Apple’s long-term goal was to get a radically new computer platform designed and into production, something that would be as much ahead of the Apple II and III as those computers were ahead of what came before them. The Lisa project (and later the Macintosh) were what executives at Apple really believed would be the future of the company. Certainly, with all the power and ease of use that these computers would promise, why would anyone want to still own an Apple II, or anything else? In actuality, it was probably the failure of the Apple III and the continued successful growth of the Apple II that made a major contribution to the slow start the Lisa and Macintosh had. Combined with that factor was the very high cost of the Lisa, and the limited capability of the first Macs (with only 128K of RAM, there wasn’t much you could do before you ran out of memory).
All this time, the Apple II had developed its own perpetual motion machine that not even Apple’s neglect could halt. More Apple II computers in the home, school, and workplace meant more available customers for the fledgling software industry that provided fuel for these machines to run. And a software company, though also liable for the technical support issues that affected hardware manufacturers, was extremely easy to start out of a living room. Just write a program, package it, put a few ads in magazines, and wait for the orders to come pouring in. Though few did as well as VisiCalc, the growth of that company is an example of the potential that software authors could achieve, given the right circumstances.
Champions of the Apple II within the company still managed to upgrade the product when they were given enough leeway. The Apple IIe and IIc, with better graphics and expanded memory were products of this type of advancement. Those computers did not go very far in covering new territory; in fact, the major justification in the minds of Apple executives was that miniaturization made it less expensive to produce a machine that worked only incrementally better than the original Apple II, primarily adding features that most people were adding to the II Plus (upper/lowercase display and keyboard, and extra memory). Eventually, they allowed a true advancement in the form of the Apple IIGS, which held ties to the past by being compatible with old software and some hardware, and to the future by providing a whole new level of graphics, sound, and memory expansion capability. Whereas the Apple IIe was not necessarily a better computer than the first Apple II or the original IBM PC, the Apple IIGS was clearly a considerable step forward. Unfortunately, the IIGS was hindered from the start, not necessarily by blatantly obstructive efforts within the company, but more from the lack of corporate interest that had plagued the Apple II line since the Apple III had first been conceived. By the time the IIGS came to be, Apple’s corporate mindset (the beliefs that many in the company held as absolute truth) was that the Macintosh and its descendants definitely were the true future of the company. Consequently, it was difficult to get anyone to commit to making a realistic effort to promote and advertise the IIGS for the purposes where it would be best suited.
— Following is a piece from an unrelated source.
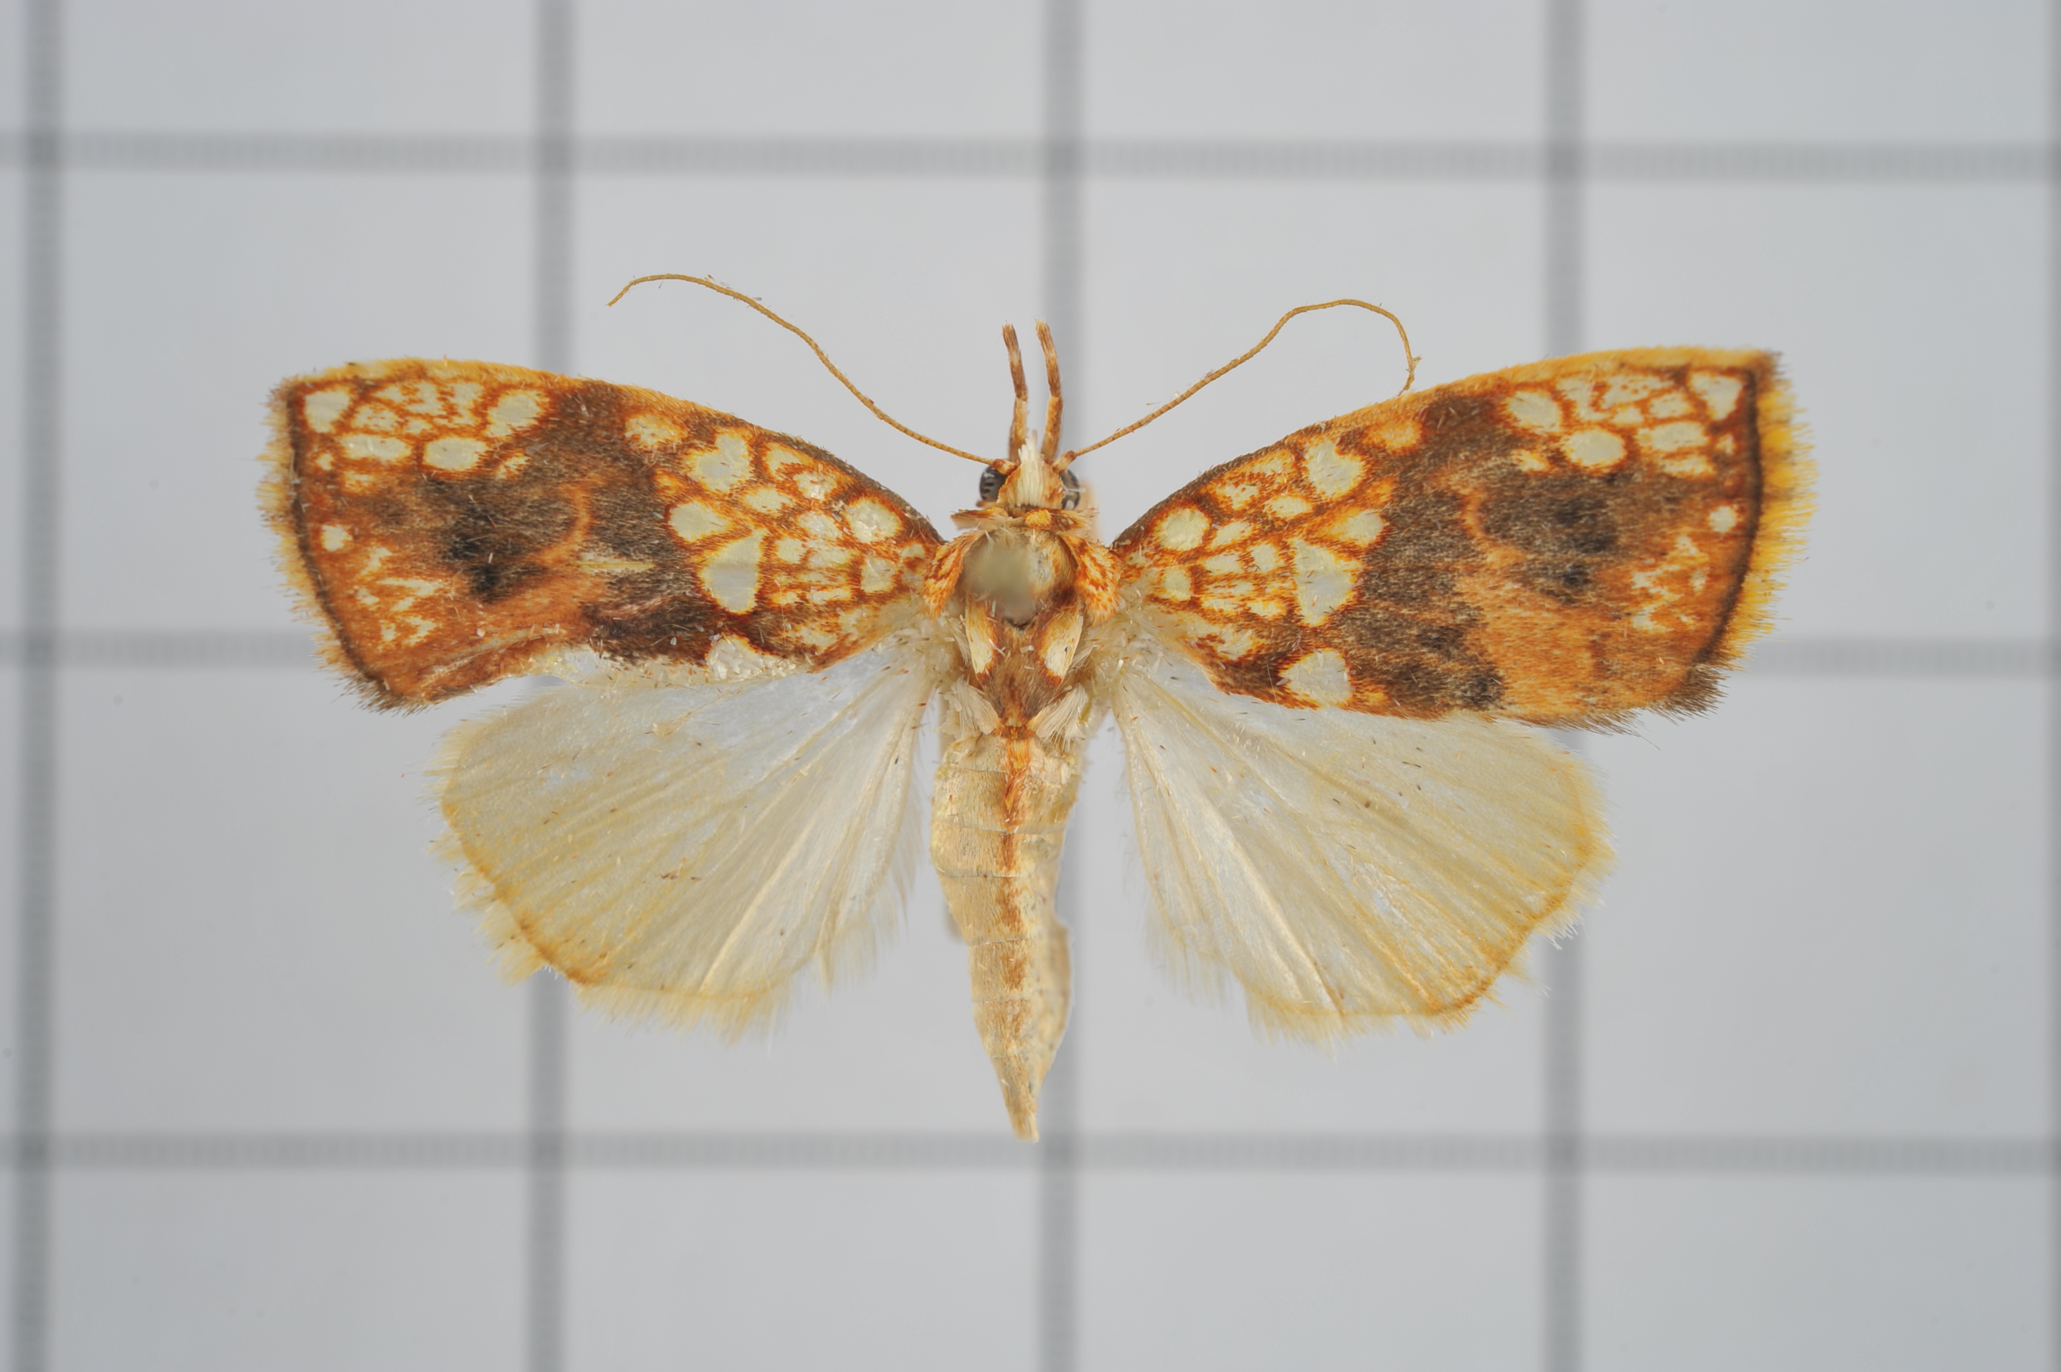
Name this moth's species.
Gabala argentata

There appeared to be a paranoia that a successful Apple II of any kind would cause Mac sales to suffer. Taken out of the active upgrade-support-upgrade loop, the IIGS made most of its advancements through the less-tangible system software development that was done for it. When the IIGS was first released, it was not much more able to do modern “desktop” computing (the graphic user interface) than was the first 128K Macintosh; it was primarily a larger, fancier IIe. But with the maturing of its system software, and active work by outside developers, the IIGS eventually has come into its own with a solid, mature operating system, and the ability to do many of the tasks for which people are buying other computers (not necessarily Macintosh).
By mid-1992 there was a further decrease in the amount of energy allocated within Apple for enhancements to the IIGS. It was decided to change the Apple II Business Unit (the section within Apple that concentrated on that computer) into a “Continuing Engineering Unit”. The purpose of this group would be to maintain support and make small improvements for the existing Apple II and IIGS user base, but not to undertake any other major projects for either platform. Although the Apple IIe and IIGS are still being produced and sold at the time of this writing, it seems only a matter of time before their sales drop below the level where Apple can justify continuing to offer them.
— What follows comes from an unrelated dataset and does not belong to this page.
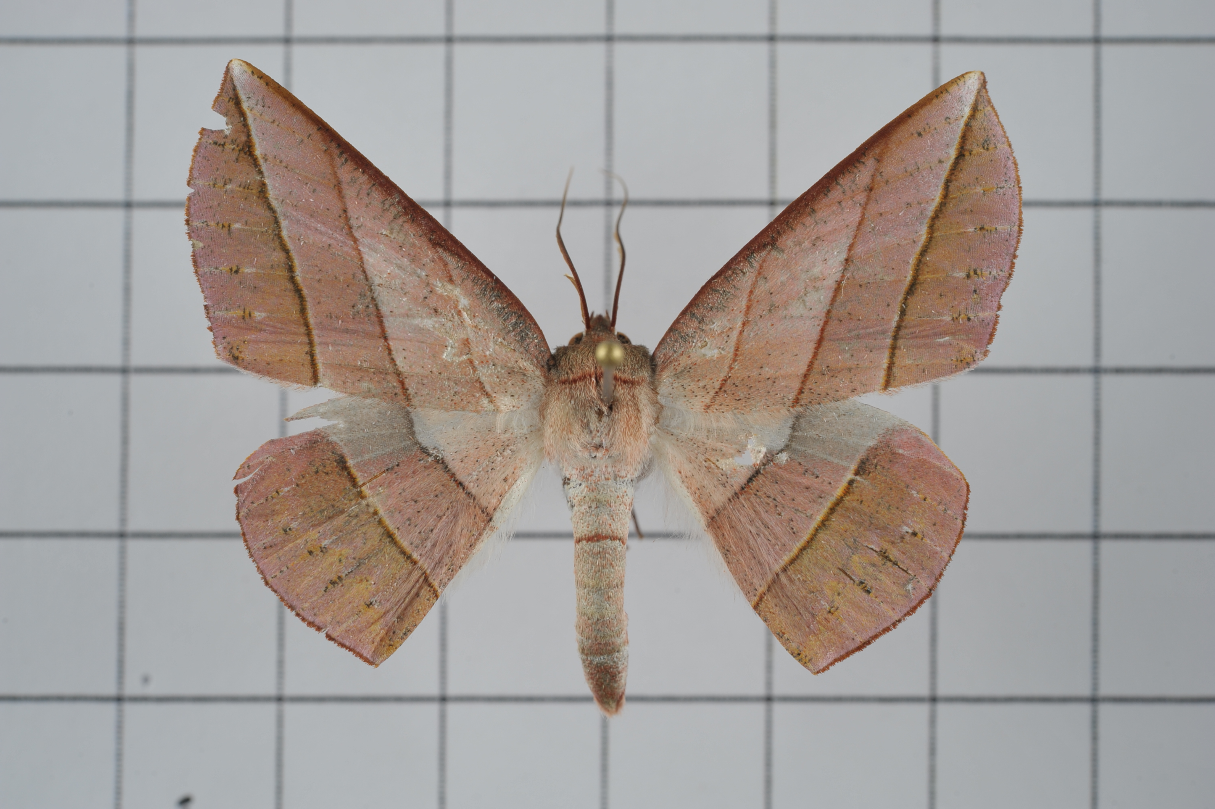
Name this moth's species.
Sarcinodes yeni

Let’s take a look at the various major personalities at Apple that have had a major role in events there over the past fifteen years, and see how they affected the current state of affairs in regard to the Apple II. Now, bear in mind that what I write here is not a result of time spent personally talking with these people; they have already had others interview them many times over the years about the same topics, and what they have wanted to say has likely been said. Here I will summarize what has been written about them, and attempt to draw some conclusions. Obviously, once I leave the Kingdom Of Factual Reporting and enter the Land Of Commentary, there is a chance that the judgements I may make are not valid. I don’t have an axe to grind against anyone, and it is not my intention to place blame squarely with any one person. Like any large company, Apple Computer is a collection of many different people’s opinions, attitudes, and prejudices. The sentiments you could get from talking to one person may be entirely different from those heard in talking with another. With that disclaimer out of the way, let’s begin.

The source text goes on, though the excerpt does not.